(Reuters) – Major League Baseball locked out its players on Thursday after failing to reach terms on a new collective bargaining agreement (CBA) ahead of a midnight deadline.
The decision halts all player activity as relates to their clubs including free-agent signings, trades and use of team facilities.
“Despite the league’s best efforts to make a deal with the Players Association, we were unable to extend our 26 year-long history of labor peace and come to an agreement with the MLBPA before the current CBA expired,” MLB Commissioner Rob Manfred said.
“Therefore, we have been forced to commence a lockout of Major League players, effective at 12:01 a.m. ET on Dec. 2.”
The lockout marks the first work stoppage in MLB since the players’ strike of 1994-95.

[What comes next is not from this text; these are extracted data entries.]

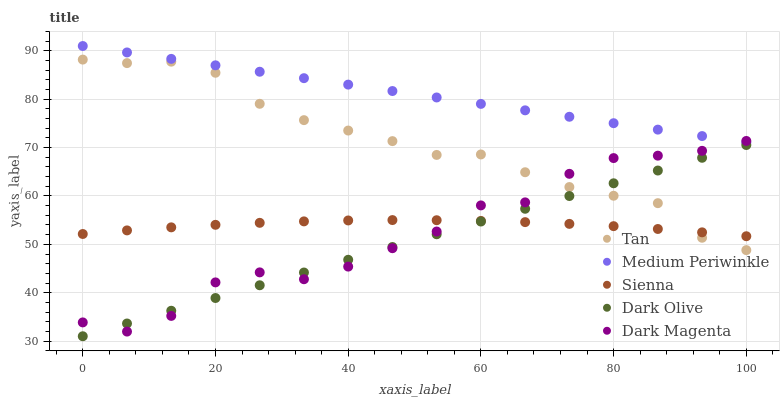Does Dark Olive have the minimum area under the curve?
Answer yes or no. Yes. Does Medium Periwinkle have the maximum area under the curve?
Answer yes or no. Yes. Does Tan have the minimum area under the curve?
Answer yes or no. No. Does Tan have the maximum area under the curve?
Answer yes or no. No. Is Dark Olive the smoothest?
Answer yes or no. Yes. Is Dark Magenta the roughest?
Answer yes or no. Yes. Is Tan the smoothest?
Answer yes or no. No. Is Tan the roughest?
Answer yes or no. No. Does Dark Olive have the lowest value?
Answer yes or no. Yes. Does Tan have the lowest value?
Answer yes or no. No. Does Medium Periwinkle have the highest value?
Answer yes or no. Yes. Does Tan have the highest value?
Answer yes or no. No. Is Dark Olive less than Medium Periwinkle?
Answer yes or no. Yes. Is Medium Periwinkle greater than Sienna?
Answer yes or no. Yes. Does Tan intersect Sienna?
Answer yes or no. Yes. Is Tan less than Sienna?
Answer yes or no. No. Is Tan greater than Sienna?
Answer yes or no. No. Does Dark Olive intersect Medium Periwinkle?
Answer yes or no. No. 
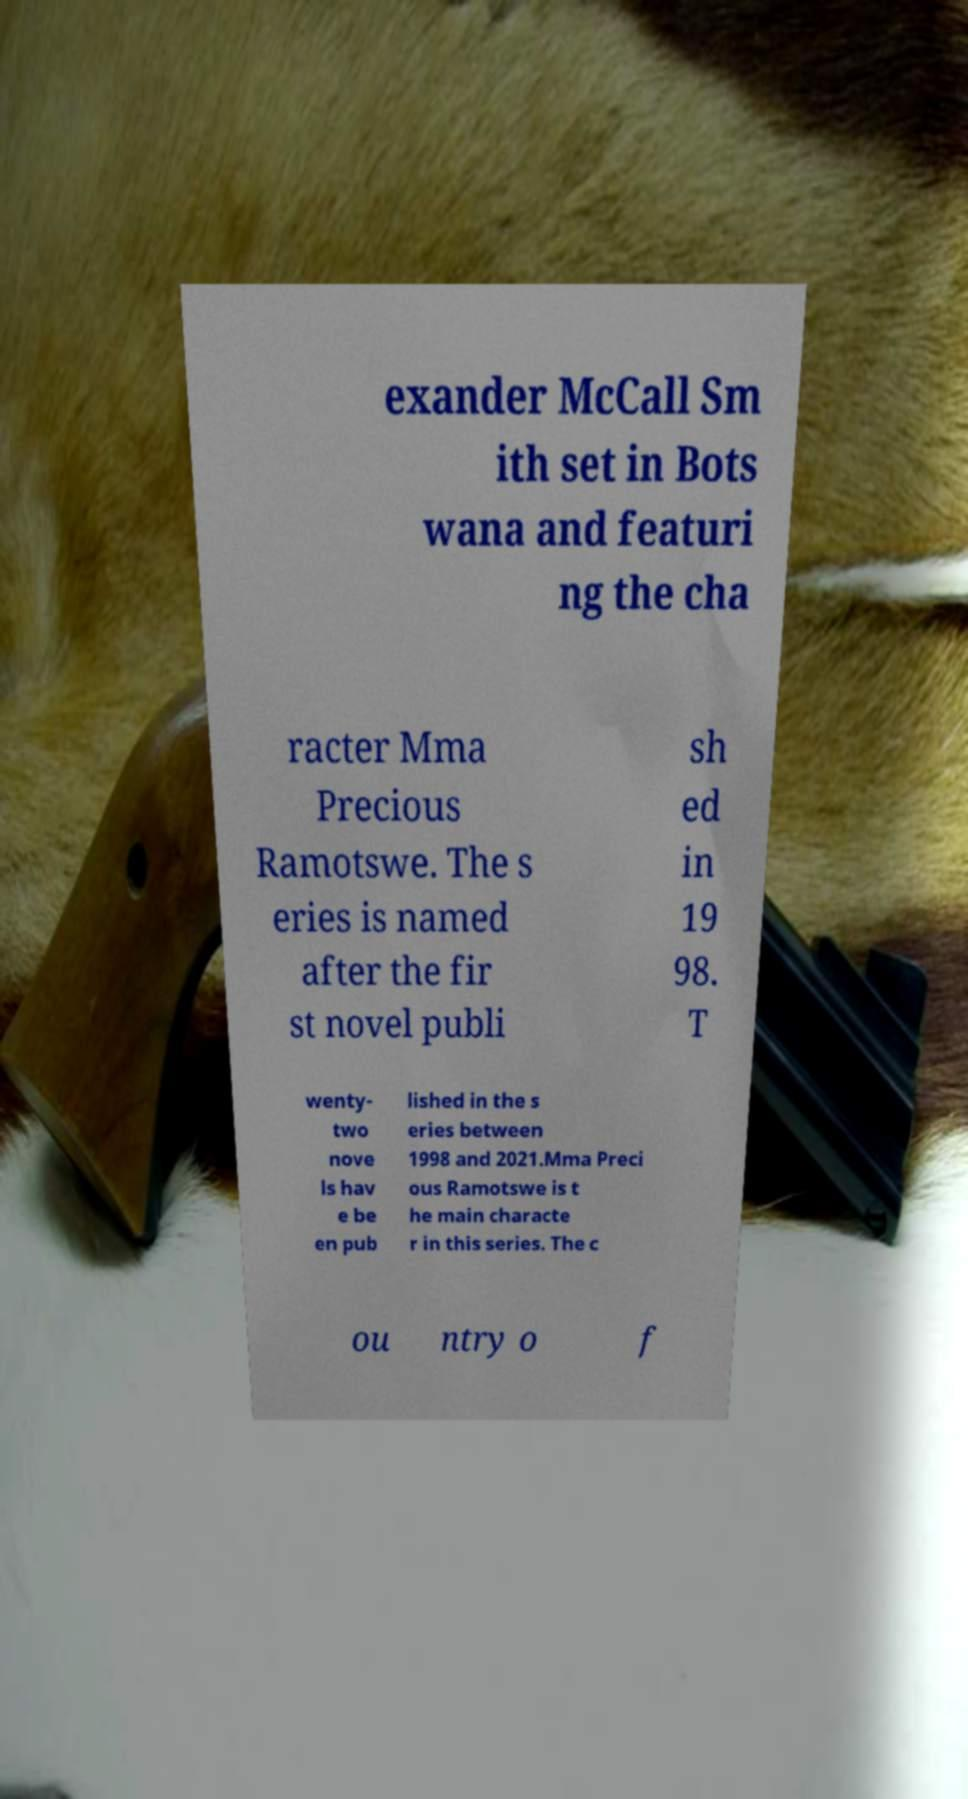Please identify and transcribe the text found in this image. exander McCall Sm ith set in Bots wana and featuri ng the cha racter Mma Precious Ramotswe. The s eries is named after the fir st novel publi sh ed in 19 98. T wenty- two nove ls hav e be en pub lished in the s eries between 1998 and 2021.Mma Preci ous Ramotswe is t he main characte r in this series. The c ou ntry o f

That dispute forced a premature end to the season, delayed the start of the following year’s campaign and turned off fans, with attendances plummeting when play finally resumed.
“The shutdown is a dramatic measure, regardless of the timing,” the players’ association (MLBPA) said.
“It was the owners’ choice, plain and simple, specifically calculated to pressure players into relinquishing rights and benefits and abandoning good faith bargaining proposals.
“These tactics are not new. We have been here before, and players have risen to the occasion time and again — guided by a solidarity that has been forged over generations. We will do so here again.”
Among the main problem areas, media reports said, were owners and players not agreeing on service time toward free agency, playoff expansion, a luxury tax and possible salary floor, and several proposed rule changes.
ESPN reported that the league had offered to remove direct draft-pick compensation and suggested a draft lottery to disincentivize teams from ‘tanking’ to get a higher draft position.
Manfred said MLB had offered to establish a minimum payroll for all clubs, allow the majority of players to reach free agency earlier, and boosting compensation for all young players including increases in the minimum salary.
“When negotiations lacked momentum, we tried to create some by offering to accept the universal designated hitter, to create a new draft system using a lottery similar to other leagues, and to increase the competitive balance tax threshold that affects only a small number of teams,” he added.
“To be clear: this hard but important step does not necessarily mean games will be canceled.”
The 2022 season is not scheduled to begin until March while players are scheduled to report to ‘Spring Training’ in mid-February.